▶ WHAT YOU WILL DO
Scan the records below and copy every line that contains the string "fixed".

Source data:
=== Section Start ===

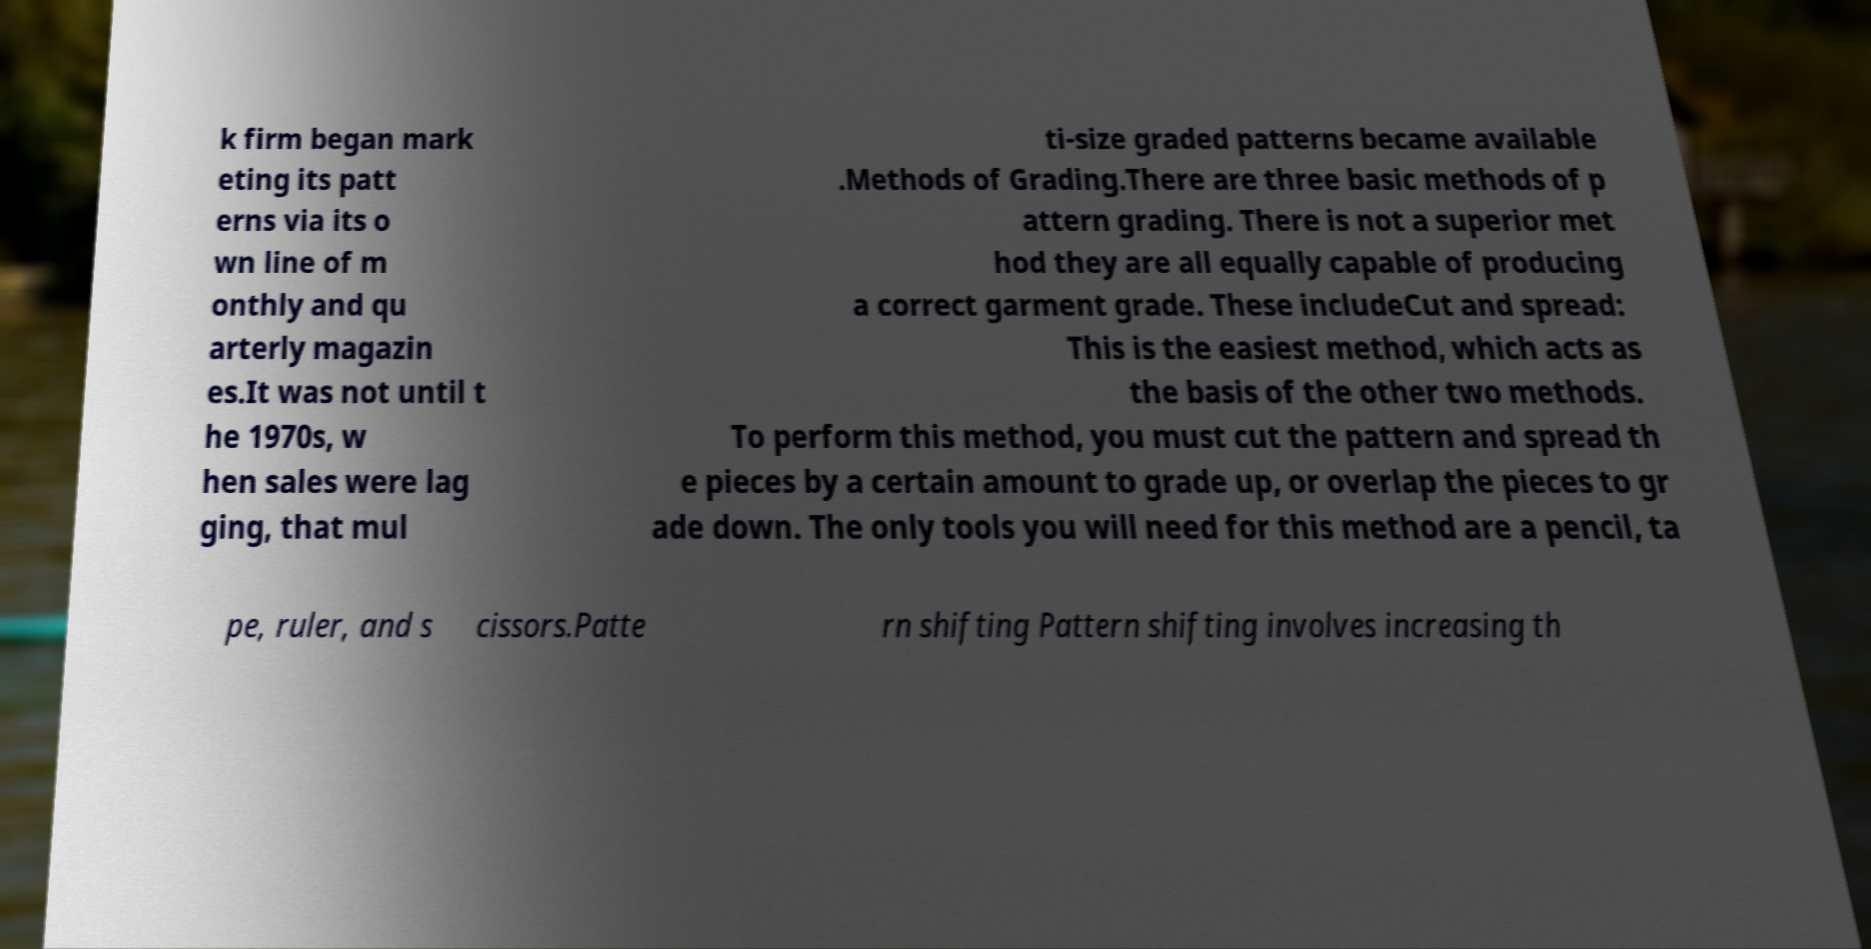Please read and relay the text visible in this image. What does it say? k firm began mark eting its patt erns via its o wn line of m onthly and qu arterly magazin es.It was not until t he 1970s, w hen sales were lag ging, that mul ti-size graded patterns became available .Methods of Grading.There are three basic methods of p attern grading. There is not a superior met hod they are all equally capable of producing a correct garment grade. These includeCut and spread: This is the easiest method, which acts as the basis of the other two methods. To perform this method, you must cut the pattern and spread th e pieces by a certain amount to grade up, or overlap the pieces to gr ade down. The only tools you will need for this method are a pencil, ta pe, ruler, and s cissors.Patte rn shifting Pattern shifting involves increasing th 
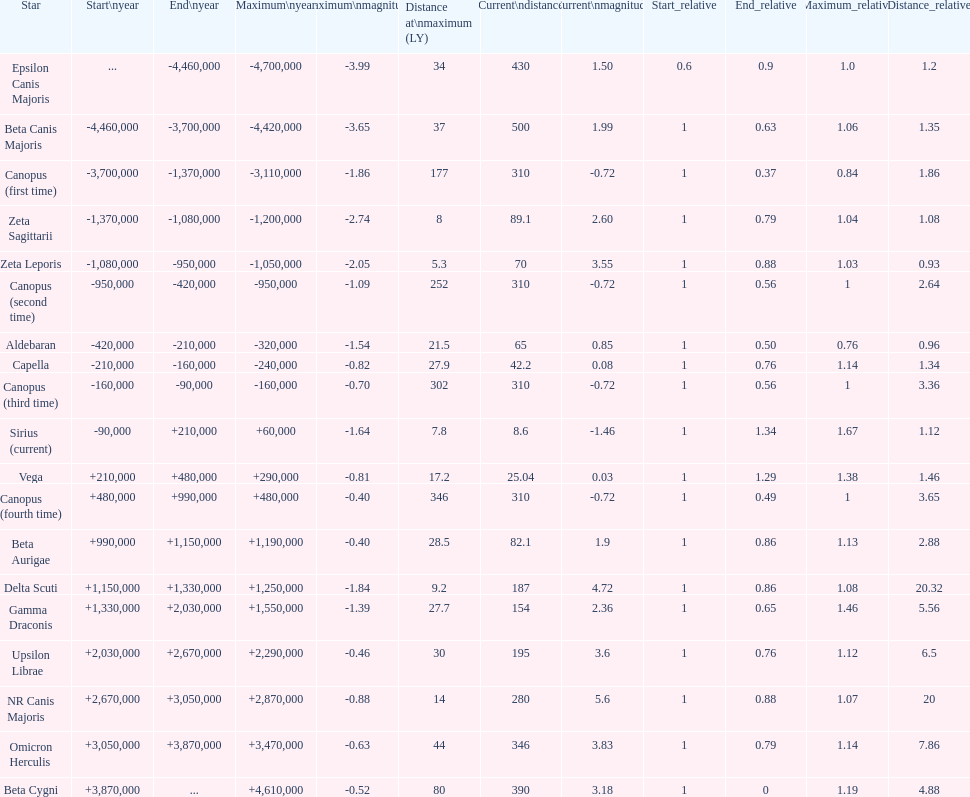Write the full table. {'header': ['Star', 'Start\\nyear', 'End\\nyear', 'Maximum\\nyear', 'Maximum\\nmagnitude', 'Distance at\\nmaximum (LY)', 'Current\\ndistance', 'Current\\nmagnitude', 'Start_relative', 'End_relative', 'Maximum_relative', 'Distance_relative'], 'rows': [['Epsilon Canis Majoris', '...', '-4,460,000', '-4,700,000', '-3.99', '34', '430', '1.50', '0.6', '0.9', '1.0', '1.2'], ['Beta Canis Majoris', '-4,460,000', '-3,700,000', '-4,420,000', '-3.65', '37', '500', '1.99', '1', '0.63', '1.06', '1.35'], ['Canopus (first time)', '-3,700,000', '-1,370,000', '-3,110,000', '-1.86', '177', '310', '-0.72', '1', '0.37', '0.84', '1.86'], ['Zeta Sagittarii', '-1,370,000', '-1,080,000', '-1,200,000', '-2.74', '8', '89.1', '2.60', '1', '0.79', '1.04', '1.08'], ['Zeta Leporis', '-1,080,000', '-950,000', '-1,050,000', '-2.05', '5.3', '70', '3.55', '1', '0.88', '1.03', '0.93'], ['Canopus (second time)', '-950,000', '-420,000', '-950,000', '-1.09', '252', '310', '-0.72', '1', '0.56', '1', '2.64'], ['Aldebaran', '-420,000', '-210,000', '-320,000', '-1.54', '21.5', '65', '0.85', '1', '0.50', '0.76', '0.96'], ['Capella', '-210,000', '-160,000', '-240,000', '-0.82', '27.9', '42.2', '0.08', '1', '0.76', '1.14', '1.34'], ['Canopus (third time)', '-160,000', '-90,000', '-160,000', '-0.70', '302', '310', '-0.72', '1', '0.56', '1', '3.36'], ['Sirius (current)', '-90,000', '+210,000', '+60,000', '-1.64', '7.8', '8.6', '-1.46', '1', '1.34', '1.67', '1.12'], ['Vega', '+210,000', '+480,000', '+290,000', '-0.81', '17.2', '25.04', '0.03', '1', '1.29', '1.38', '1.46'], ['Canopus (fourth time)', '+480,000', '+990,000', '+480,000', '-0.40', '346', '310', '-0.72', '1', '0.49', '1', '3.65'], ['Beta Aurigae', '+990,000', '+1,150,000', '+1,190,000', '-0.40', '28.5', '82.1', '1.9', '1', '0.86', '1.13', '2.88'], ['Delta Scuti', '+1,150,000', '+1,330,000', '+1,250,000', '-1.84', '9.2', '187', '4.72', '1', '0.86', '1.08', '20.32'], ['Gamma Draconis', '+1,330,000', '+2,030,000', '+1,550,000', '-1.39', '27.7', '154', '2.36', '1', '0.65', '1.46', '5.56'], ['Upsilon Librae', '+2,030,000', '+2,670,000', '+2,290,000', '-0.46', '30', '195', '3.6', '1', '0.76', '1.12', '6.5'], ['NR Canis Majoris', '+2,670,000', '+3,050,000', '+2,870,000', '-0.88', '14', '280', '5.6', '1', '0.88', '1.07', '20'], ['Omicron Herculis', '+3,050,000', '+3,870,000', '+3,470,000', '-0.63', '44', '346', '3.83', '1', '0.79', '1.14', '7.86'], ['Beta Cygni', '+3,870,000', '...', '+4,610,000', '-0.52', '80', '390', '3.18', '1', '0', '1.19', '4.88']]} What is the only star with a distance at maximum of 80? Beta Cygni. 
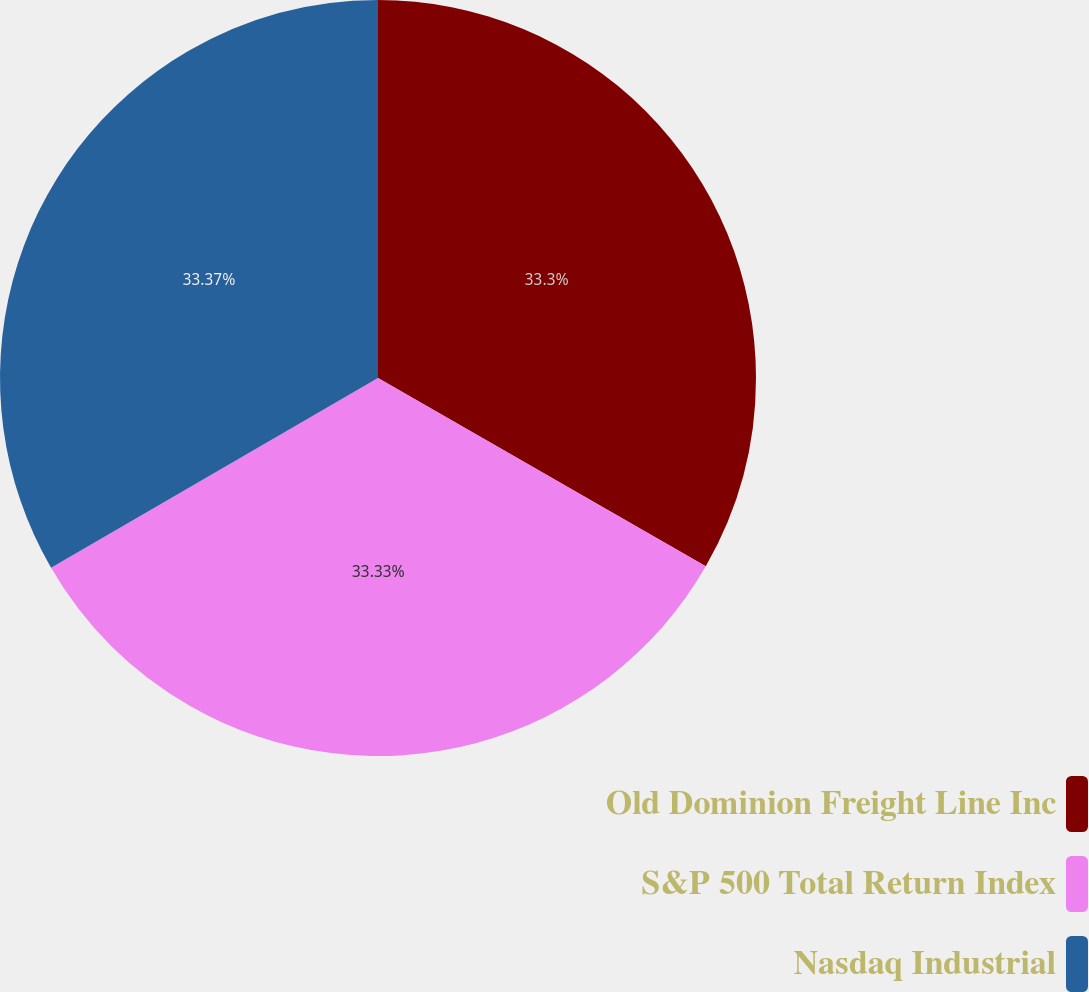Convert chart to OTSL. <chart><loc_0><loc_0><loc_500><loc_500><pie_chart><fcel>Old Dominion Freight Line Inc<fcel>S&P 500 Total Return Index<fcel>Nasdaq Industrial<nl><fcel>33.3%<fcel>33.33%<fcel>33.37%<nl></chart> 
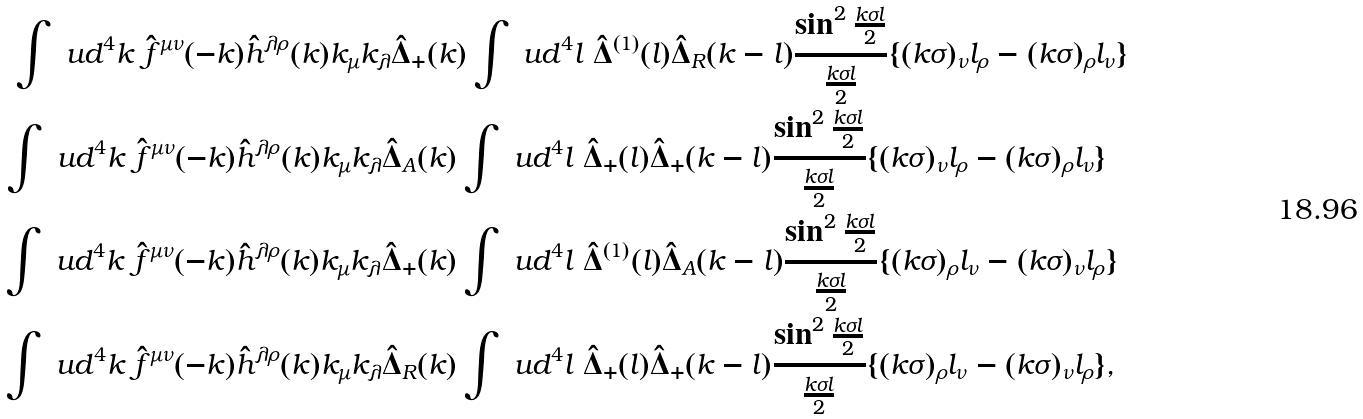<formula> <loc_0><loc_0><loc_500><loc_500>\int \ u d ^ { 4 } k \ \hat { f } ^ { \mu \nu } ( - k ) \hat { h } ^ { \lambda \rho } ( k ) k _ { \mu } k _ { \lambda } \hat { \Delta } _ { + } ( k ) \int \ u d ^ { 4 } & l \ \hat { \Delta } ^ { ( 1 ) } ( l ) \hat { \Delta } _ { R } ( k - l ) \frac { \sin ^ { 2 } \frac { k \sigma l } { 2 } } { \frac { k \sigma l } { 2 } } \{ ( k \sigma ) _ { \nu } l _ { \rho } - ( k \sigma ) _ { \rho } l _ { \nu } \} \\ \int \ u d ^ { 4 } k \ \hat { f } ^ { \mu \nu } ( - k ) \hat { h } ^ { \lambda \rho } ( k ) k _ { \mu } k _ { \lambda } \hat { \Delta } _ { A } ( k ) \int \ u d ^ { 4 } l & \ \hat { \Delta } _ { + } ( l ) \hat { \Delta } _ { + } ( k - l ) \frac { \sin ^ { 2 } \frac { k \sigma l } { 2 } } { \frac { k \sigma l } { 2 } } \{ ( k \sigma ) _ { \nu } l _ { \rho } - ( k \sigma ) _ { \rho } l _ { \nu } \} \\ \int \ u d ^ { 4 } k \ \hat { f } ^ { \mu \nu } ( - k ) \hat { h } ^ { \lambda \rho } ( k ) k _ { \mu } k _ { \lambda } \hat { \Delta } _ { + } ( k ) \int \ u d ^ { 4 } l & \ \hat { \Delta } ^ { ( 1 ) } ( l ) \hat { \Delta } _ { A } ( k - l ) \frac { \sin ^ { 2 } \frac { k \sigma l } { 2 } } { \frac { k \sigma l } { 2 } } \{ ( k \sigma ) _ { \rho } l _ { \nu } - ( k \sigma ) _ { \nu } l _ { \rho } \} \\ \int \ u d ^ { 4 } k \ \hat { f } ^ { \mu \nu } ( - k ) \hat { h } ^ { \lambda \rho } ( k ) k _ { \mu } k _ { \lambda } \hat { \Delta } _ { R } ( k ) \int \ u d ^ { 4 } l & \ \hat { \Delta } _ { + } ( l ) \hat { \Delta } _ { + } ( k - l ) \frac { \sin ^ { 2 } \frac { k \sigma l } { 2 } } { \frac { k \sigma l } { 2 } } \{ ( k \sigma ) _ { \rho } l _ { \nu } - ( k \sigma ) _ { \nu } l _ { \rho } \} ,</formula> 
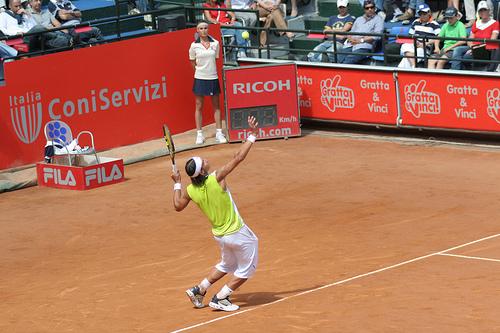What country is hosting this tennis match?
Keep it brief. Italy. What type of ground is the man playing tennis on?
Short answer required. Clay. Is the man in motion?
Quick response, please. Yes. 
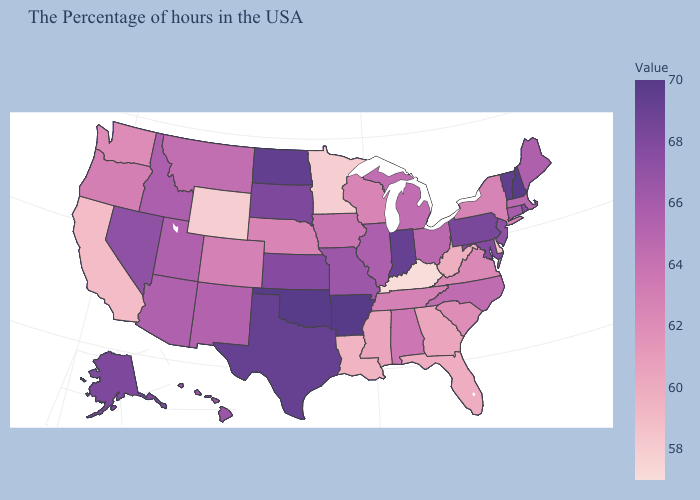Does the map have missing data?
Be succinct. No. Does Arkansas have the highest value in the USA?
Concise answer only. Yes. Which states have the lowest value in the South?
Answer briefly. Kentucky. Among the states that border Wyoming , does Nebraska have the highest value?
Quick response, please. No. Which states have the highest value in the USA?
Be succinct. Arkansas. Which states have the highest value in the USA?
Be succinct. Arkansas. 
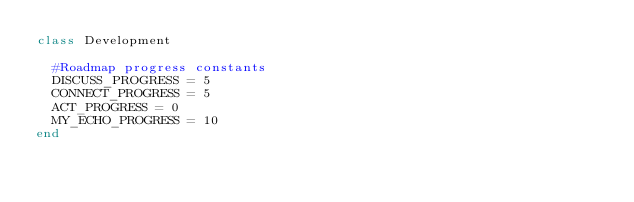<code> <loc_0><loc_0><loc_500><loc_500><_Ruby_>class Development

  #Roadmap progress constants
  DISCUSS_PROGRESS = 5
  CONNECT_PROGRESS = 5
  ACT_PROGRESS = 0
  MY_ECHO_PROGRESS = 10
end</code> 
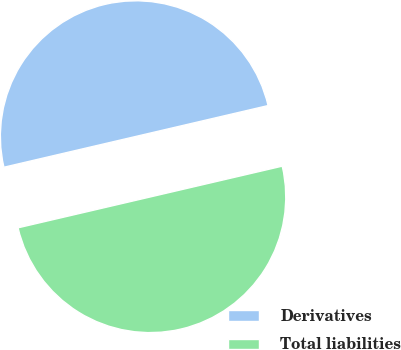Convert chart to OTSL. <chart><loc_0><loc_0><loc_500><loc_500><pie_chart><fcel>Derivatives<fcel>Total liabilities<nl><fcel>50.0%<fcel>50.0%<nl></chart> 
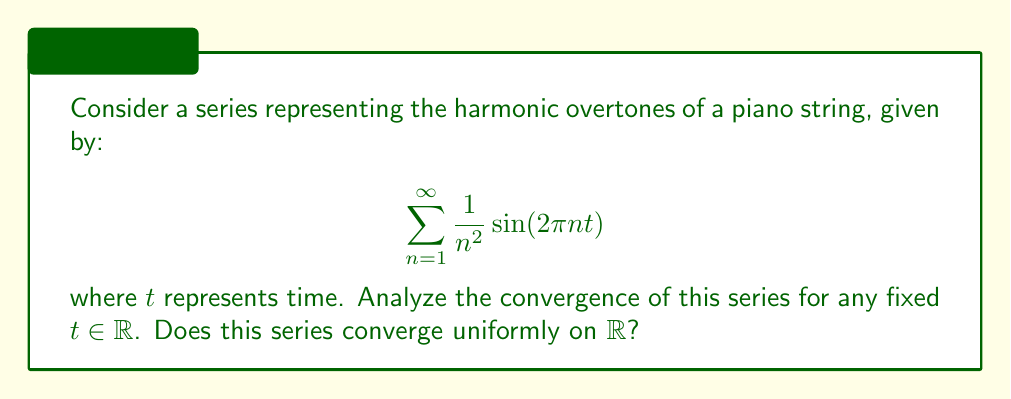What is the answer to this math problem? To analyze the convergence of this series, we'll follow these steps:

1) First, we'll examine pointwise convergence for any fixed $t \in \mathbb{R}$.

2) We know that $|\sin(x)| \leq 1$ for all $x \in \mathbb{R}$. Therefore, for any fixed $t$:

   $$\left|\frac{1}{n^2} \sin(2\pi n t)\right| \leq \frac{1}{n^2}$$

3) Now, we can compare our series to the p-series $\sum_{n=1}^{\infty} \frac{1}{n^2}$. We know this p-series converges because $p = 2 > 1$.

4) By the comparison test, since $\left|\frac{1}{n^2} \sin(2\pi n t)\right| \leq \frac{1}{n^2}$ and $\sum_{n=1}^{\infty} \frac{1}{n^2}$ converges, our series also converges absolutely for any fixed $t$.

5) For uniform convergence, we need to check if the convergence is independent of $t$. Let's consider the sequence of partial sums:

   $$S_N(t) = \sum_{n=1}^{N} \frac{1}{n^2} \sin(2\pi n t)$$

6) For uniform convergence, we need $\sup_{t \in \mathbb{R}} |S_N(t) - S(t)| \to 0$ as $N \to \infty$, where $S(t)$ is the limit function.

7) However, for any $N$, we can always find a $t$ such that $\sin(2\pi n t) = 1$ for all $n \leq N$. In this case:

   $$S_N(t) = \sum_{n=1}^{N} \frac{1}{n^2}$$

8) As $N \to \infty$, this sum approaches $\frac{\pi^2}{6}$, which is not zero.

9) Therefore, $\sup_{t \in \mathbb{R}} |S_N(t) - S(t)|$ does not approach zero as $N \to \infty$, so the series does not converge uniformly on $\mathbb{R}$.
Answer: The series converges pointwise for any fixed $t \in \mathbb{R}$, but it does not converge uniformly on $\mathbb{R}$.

=== Section End ===

▶ RESPONSE BOX
1) First, we'll examine pointwise convergence for any fixed $t \in \mathbb{R}$.
2) We know that $|\sin(x)| \leq 1$ for all $x \in \mathbb{R}$. Therefore, for any fixed $t$:
4) By the comparison test, since $\left|\frac{1}{n^2} \sin(2\pi n t)\right| \leq \frac{1}{n^2}$ and $\sum_{n=1}^{\infty} \frac{1}{n^2}$ converges, our series also converges absolutely for any fixed $t$.
Answer: The series converges pointwise for any fixed $t \in \mathbb{R}$, but it does not converge uniformly on $\mathbb{R}$.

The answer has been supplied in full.